Suriye, Yemen ve Sudan hariç, mülteci olarak bulundukları Arap ülkelerinin yönetimleri tarafından genellikle itilip kakılan Filistinli mültecilerin 62 yıldır çektikleri çileyi bir nebze olsun hafifletecektir Türk pasaportu.

Çoğunun ailesi paramparça; bir kısmı Filistin'de, bir kısmı Ürdün'de, bir kısmı Lübnan'da, bir kısmı Suriye'de, bir kısmı Yemen'de, bir kısmı Mısır'da, bir kısmı Sudan'da, bir kısmı Amerika'da, bir kısmı Avrupa'da...

İltica ettikleri Arap devletlerinin kendilerine verdiği seyahat belgeleri genellikle 'kifayetsiz' olduğu için –veya hiçbir seyahat belgesi edinemedikleri için- komşu ülkelerdeki akrabalarını bile yıllarca göremeyebiliyorlar...

Suriye pasaportu taşıyan bir Filistinlinin Ürdün'deki akrabasını ziyaret edebilmesi için, o akrabasının bir ev ipotek ettirmesi gerekiyor...

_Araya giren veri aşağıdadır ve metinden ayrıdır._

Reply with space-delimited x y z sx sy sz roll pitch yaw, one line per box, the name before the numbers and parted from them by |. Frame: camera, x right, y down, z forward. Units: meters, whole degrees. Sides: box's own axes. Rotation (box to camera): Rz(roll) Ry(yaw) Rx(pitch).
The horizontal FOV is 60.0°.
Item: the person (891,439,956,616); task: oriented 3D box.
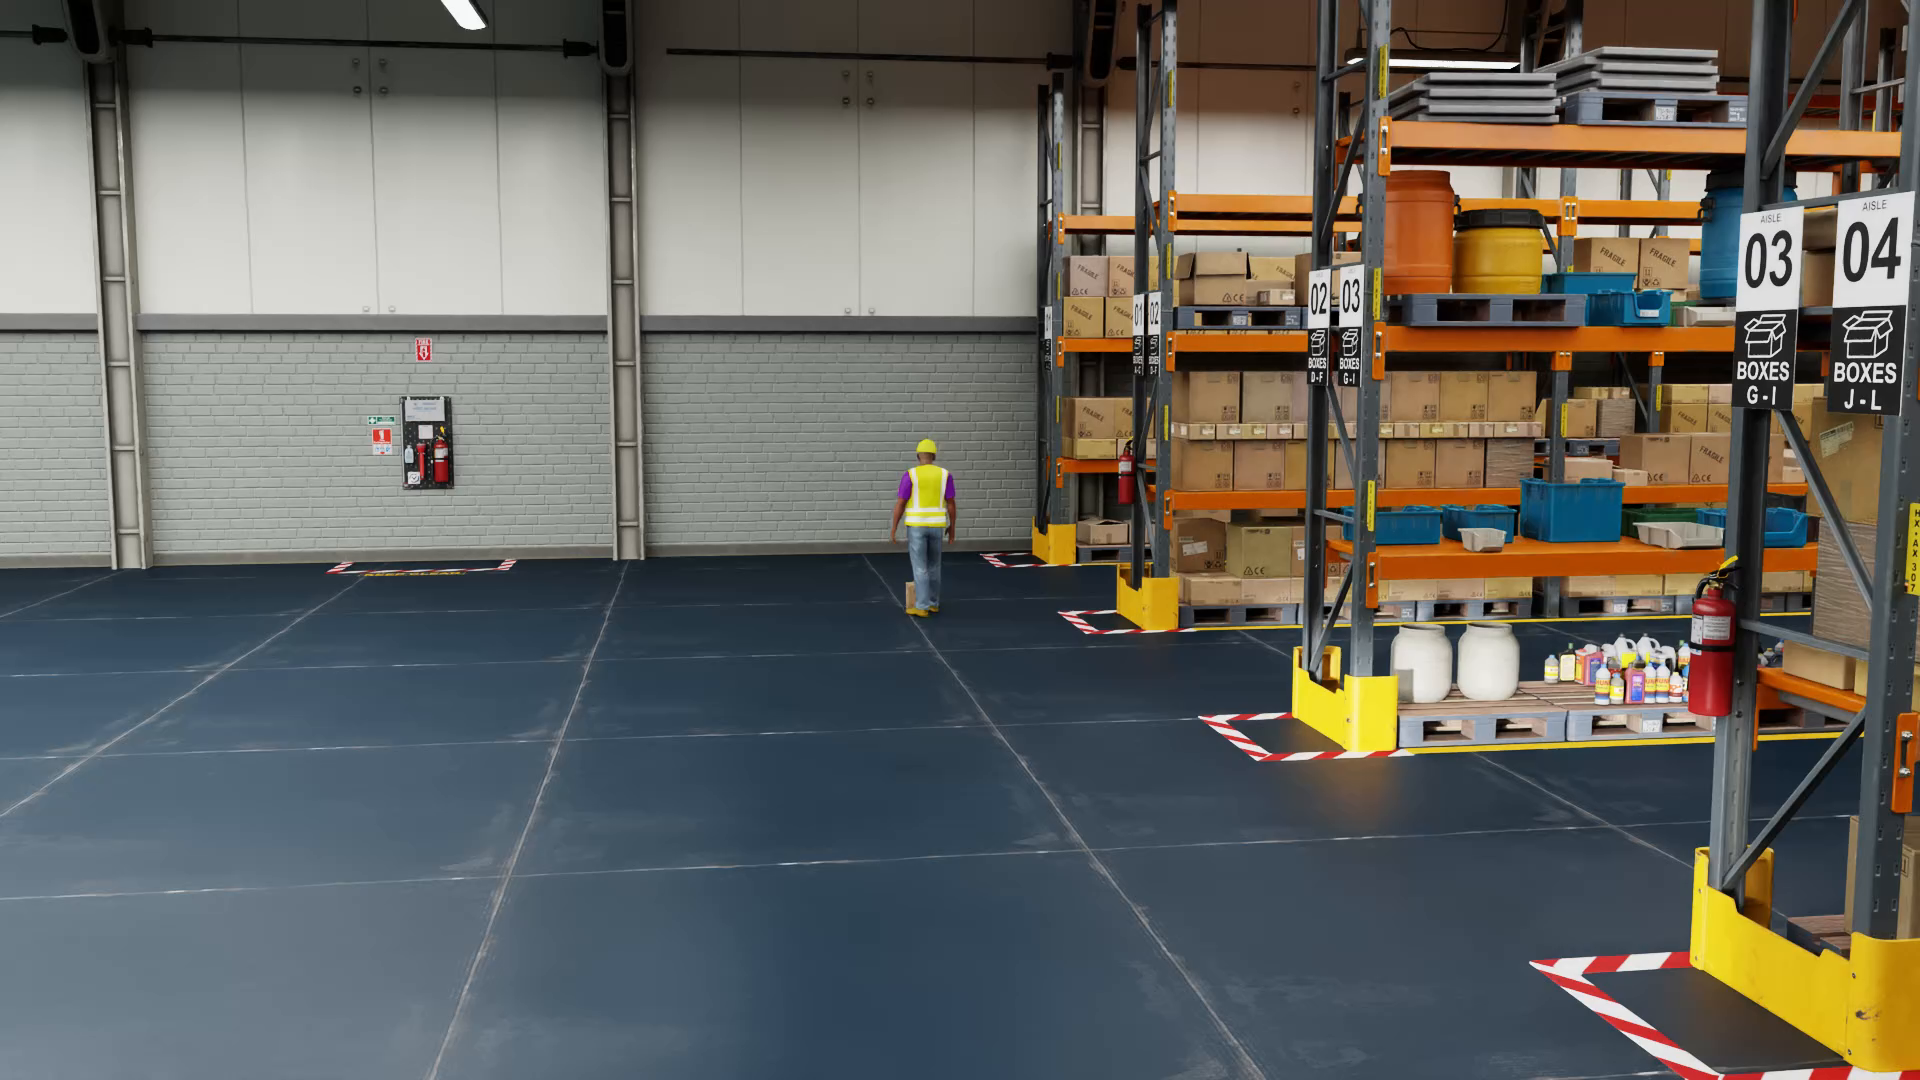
person | -0.397 -0.137 16.741 0.634 1.769 0.550 -2 7 -20

Yemen'in -Filistinlilere sahip çıkma siyaseti çerçevesinde- pasaport verdiği ama Yemen'de yaşamayan Filistinli bir mülteci, isterse Eymen Halid gibi aşk ve şevk ile Türkiye'yi savunan tanınmış bir gazeteci-yazar olsun, Türk konsolosluğundan bile vize alamıyor, "Git müracaatını Yemen'deki konsolosluğumuza yap" diye geri çevriliyor...

Filistin Özerk Yönetimi pasaportu taşıyan ama İsrail engeli yüzünden Batı Şeria'ya giremeyen –dolayısıyla Ramallah veya Kudüs'teki konsolosluğa müracaat edemeyen- Filistinlilere de vize yok...

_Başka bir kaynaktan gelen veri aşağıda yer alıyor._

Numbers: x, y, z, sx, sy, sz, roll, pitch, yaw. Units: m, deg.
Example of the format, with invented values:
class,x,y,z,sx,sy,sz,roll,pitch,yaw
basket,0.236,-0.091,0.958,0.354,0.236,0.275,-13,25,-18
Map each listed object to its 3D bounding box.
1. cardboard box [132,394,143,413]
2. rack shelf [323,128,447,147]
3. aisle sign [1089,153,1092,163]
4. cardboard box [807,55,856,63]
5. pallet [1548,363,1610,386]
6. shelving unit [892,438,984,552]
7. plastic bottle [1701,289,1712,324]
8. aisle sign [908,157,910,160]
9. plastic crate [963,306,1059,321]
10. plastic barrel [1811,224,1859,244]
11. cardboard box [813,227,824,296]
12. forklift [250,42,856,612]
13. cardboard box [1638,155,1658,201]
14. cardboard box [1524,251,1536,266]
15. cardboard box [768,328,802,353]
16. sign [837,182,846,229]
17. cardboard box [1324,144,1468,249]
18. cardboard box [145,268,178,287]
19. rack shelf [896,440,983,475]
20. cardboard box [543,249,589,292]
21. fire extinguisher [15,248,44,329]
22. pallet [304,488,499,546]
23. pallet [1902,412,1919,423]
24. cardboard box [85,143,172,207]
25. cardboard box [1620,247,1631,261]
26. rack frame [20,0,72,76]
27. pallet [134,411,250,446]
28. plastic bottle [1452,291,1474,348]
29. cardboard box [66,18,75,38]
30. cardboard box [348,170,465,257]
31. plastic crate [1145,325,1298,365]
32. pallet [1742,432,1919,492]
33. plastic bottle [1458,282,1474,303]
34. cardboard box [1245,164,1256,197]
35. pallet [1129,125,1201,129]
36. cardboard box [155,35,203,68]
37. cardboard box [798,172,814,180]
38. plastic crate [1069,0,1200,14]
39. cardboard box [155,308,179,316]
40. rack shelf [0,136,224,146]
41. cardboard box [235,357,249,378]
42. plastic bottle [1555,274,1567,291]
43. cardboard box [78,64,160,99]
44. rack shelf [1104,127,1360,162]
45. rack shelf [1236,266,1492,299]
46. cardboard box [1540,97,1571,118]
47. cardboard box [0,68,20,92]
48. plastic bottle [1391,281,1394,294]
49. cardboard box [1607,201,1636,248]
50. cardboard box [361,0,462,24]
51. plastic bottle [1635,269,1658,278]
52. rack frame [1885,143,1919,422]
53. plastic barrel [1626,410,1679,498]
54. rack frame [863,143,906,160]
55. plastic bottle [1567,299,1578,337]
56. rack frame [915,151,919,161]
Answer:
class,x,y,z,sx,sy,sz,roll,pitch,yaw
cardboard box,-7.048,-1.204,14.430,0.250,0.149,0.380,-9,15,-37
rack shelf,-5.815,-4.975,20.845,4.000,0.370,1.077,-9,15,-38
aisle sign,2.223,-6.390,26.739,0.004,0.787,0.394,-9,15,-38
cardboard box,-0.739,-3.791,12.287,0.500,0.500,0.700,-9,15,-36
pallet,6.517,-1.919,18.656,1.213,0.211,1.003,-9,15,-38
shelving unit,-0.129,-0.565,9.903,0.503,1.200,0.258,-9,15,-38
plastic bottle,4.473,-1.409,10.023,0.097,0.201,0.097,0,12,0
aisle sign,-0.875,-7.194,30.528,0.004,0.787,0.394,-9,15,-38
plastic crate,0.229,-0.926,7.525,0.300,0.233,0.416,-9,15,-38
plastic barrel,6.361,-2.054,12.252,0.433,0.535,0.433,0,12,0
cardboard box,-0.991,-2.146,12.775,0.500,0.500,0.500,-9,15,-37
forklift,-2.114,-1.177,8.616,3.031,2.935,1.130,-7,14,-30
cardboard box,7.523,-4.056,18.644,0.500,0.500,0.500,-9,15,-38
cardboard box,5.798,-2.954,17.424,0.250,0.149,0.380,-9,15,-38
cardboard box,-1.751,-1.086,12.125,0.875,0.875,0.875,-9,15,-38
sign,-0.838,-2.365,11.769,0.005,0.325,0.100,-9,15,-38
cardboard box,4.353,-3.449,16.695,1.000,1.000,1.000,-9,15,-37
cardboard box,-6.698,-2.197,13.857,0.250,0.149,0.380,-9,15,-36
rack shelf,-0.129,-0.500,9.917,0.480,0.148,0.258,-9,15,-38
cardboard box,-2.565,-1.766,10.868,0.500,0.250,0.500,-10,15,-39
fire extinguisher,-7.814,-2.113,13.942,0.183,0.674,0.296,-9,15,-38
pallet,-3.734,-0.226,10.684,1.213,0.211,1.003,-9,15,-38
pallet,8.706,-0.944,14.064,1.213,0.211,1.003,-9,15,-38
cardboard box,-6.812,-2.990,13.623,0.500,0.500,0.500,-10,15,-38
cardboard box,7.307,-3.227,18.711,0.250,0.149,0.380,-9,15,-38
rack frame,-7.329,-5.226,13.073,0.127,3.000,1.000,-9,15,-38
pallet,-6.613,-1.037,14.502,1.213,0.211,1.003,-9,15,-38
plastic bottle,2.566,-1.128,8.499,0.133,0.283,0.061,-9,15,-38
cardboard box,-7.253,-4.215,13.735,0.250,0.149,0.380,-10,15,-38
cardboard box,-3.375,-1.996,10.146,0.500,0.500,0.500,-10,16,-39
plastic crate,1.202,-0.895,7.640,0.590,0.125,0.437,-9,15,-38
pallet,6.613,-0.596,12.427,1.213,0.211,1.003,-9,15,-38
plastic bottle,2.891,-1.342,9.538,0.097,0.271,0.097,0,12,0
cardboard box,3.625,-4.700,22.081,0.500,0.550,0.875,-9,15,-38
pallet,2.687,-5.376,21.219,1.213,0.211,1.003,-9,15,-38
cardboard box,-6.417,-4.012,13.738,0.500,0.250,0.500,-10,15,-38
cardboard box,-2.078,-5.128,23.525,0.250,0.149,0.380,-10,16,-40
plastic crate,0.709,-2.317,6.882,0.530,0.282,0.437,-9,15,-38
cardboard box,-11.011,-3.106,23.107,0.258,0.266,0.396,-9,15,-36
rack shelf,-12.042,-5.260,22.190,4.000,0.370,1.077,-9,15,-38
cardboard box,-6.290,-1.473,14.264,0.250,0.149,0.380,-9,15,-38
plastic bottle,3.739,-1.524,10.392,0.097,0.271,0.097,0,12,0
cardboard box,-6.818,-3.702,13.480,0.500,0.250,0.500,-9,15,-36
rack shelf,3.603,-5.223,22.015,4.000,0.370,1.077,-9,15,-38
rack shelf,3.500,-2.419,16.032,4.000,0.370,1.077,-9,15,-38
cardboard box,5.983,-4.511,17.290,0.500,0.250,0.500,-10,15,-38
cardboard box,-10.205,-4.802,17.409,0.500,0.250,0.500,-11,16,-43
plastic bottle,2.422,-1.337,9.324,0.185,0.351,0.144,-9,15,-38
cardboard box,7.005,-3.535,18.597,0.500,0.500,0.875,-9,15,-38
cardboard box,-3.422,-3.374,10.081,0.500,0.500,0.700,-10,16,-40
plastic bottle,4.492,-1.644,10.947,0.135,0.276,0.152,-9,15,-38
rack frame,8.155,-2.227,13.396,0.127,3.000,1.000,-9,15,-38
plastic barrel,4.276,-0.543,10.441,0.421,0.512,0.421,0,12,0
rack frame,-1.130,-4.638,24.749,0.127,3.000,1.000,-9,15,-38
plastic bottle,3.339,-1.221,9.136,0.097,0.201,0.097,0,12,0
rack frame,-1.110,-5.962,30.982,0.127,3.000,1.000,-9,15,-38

Filistinli mültecilere ve dahî bütün Gazze ve Batı Şeria ahalisine Türk pasaportu verilsin, evet.

Verilsin ki, bari Türkiye'ye vize uygulamayan ülkelere rahatça gidip gelebilsinler, akrabalarını ziyaret edebilsinler.

Gösterilerde bayrağını taşıdıkları Türkiye'ye de rahatça gelebilsinler.

Filistinlilerin kendi başbakanları olarak gördükleri Başbakan Erdoğan, Filistinlilerin kendi hükümetleri olarak gördükleri AK Parti Hükümeti, Filistinlilerin kendi devletleri olarak gördükleri Türkiye Cumhuriyeti bu işi mutlaka gündemine almalı.

Kıbrıs'ta İngiliz mandası sona erince Türkiye Kıbrıs üzerinde hak iddia etti, eski Osmanlı vatandaşları olan Kıbrıs Türklerine garantör oldu, rahat seyahat edebilmeleri için onlara Türkiye Cumhuriyeti pasaportu verdi, Kuzey Kıbrıs Türk Cumhuriyeti vatandaşları oldukları halde hâlâ da vermeye devam ediyor... Türkiye Cumhuriyeti etnisiteye dayanan bir devlet değilse (ki anayasaya göre değil), Kıbrıslı Türklerle Filistinlilerin durumu arasında bir fark görmemesi gerekir.

***

NOT: Kısa vadede yapılması gereken ilk iş, Filistin Özerk Yönetimi vatandaşlarına vize muafiyeti getirmektir. Suriye, Lübnan, Ürdün ve Libya vatandaşlarına gösterilen kolaylık, onlara niye gösterilmiyor ki?